[Dataset Boundary: Start]

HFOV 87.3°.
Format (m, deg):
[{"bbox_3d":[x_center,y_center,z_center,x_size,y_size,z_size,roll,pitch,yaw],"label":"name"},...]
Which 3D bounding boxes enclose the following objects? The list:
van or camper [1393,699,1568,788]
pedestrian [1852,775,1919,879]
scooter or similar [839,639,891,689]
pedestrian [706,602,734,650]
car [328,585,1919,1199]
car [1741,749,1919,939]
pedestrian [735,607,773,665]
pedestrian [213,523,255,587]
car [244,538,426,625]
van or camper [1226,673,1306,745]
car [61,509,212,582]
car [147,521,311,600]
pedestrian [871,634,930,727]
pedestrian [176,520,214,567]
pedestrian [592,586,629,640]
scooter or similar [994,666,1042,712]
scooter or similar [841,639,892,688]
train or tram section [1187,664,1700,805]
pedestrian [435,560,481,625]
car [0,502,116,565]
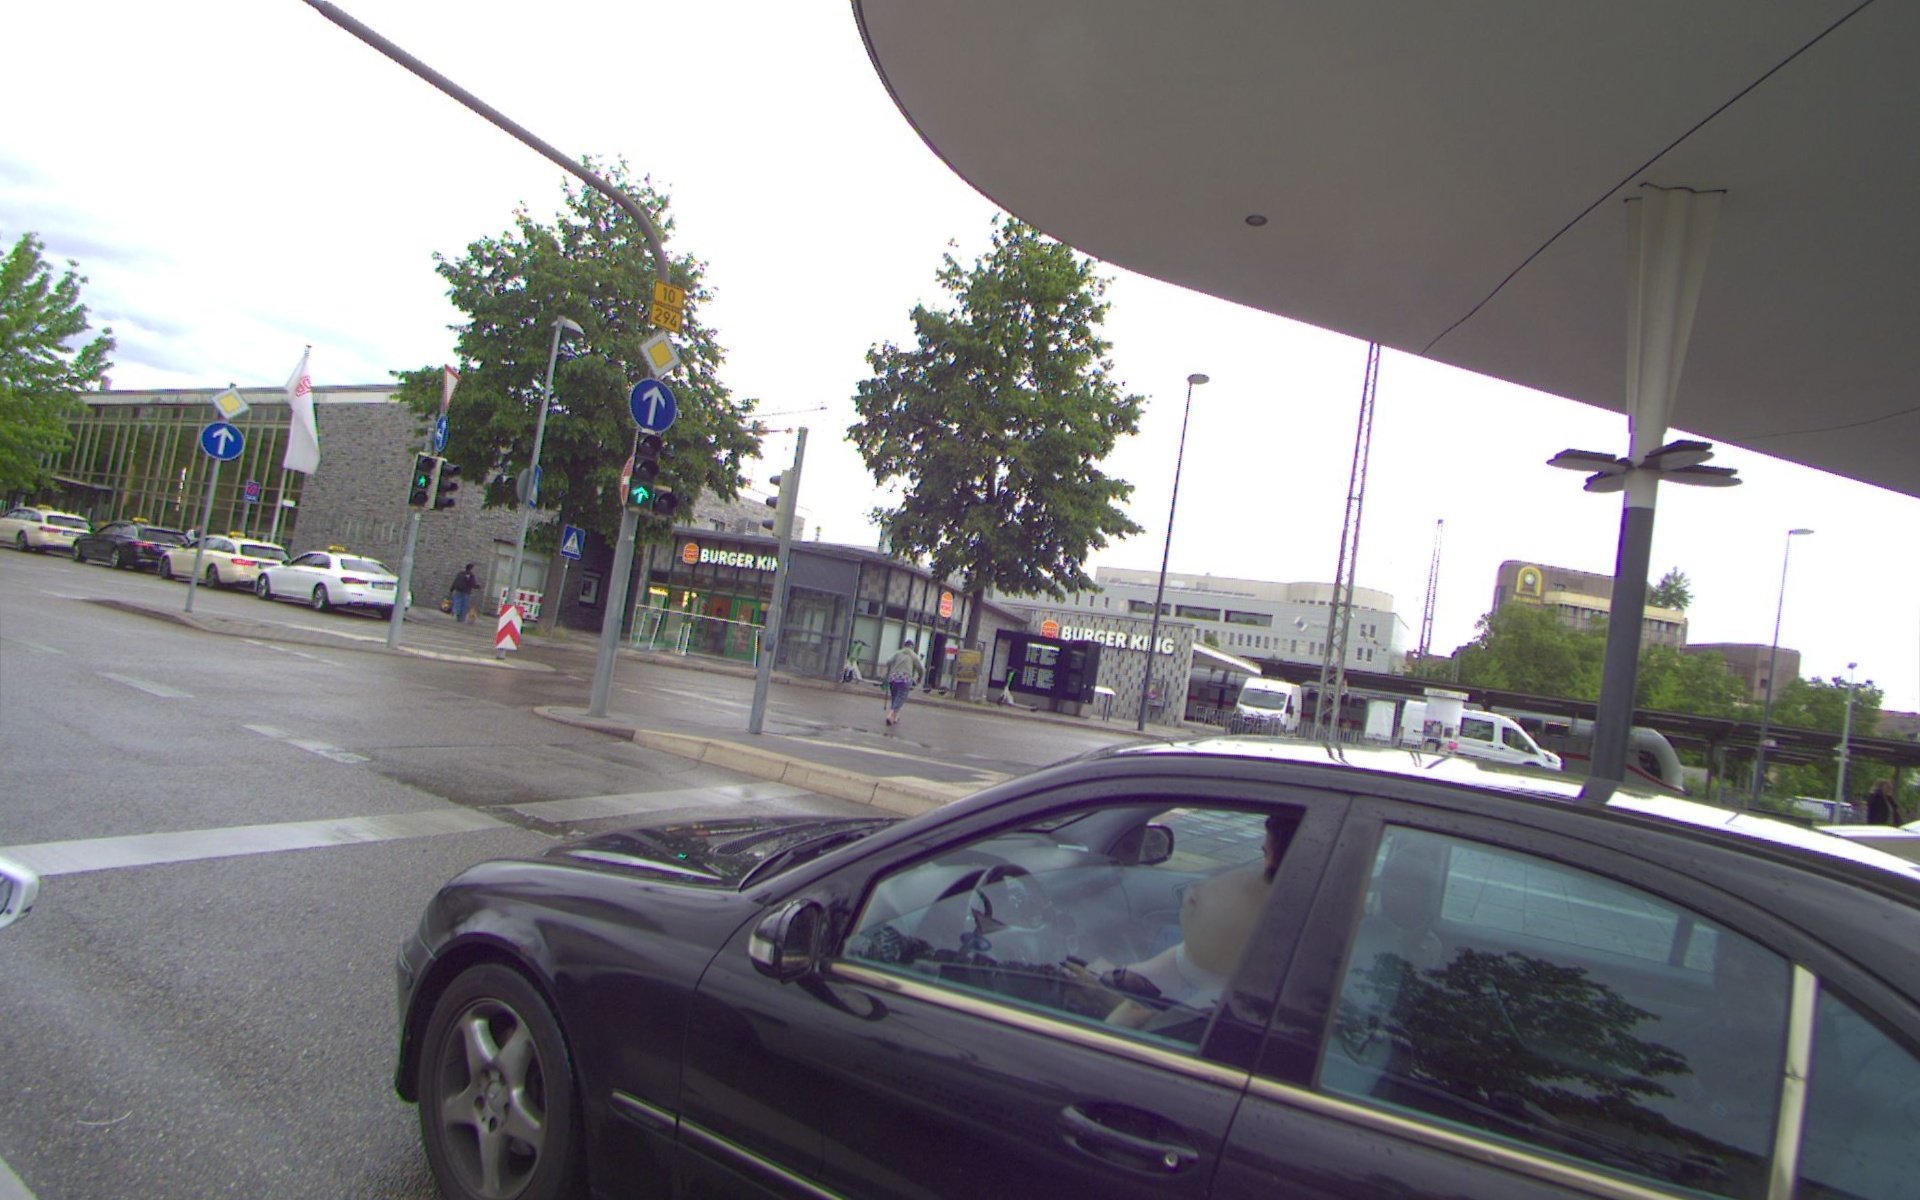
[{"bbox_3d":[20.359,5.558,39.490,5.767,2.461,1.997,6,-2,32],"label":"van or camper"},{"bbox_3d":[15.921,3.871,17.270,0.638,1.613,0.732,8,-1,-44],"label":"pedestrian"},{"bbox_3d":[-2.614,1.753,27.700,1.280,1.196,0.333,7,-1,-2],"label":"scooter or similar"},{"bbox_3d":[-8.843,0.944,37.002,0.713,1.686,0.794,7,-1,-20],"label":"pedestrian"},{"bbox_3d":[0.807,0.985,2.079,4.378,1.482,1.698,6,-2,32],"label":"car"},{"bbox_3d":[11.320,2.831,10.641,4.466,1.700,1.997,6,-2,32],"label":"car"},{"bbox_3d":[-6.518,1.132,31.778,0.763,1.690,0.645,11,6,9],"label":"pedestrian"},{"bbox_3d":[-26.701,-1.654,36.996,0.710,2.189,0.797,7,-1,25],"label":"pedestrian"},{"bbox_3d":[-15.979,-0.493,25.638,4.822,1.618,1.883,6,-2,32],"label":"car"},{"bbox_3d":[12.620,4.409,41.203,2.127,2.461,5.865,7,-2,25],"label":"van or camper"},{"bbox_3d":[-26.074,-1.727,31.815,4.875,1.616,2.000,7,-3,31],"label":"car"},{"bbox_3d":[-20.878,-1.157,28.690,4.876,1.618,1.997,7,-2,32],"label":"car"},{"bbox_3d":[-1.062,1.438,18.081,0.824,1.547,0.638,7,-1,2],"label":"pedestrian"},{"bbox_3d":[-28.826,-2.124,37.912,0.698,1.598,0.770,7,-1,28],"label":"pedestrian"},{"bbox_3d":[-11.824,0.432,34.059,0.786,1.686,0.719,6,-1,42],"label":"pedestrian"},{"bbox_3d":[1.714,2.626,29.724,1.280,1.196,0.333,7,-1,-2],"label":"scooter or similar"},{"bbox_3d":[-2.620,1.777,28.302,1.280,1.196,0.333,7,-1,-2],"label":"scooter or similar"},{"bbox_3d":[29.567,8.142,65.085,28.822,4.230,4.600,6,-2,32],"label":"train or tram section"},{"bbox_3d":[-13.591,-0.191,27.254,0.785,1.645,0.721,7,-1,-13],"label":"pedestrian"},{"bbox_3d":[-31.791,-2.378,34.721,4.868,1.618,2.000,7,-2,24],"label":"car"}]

[Dataset Boundary: End]

- What needs to be done
Extract the lines of the preceding material that run from the line with "car [244,538,426,625]" through the line with "pedestrian [435,560,481,625]", inclusive, reproducing them exactly and adding nothing.

- Solved exercise
car [244,538,426,625]
van or camper [1226,673,1306,745]
car [61,509,212,582]
car [147,521,311,600]
pedestrian [871,634,930,727]
pedestrian [176,520,214,567]
pedestrian [592,586,629,640]
scooter or similar [994,666,1042,712]
scooter or similar [841,639,892,688]
train or tram section [1187,664,1700,805]
pedestrian [435,560,481,625]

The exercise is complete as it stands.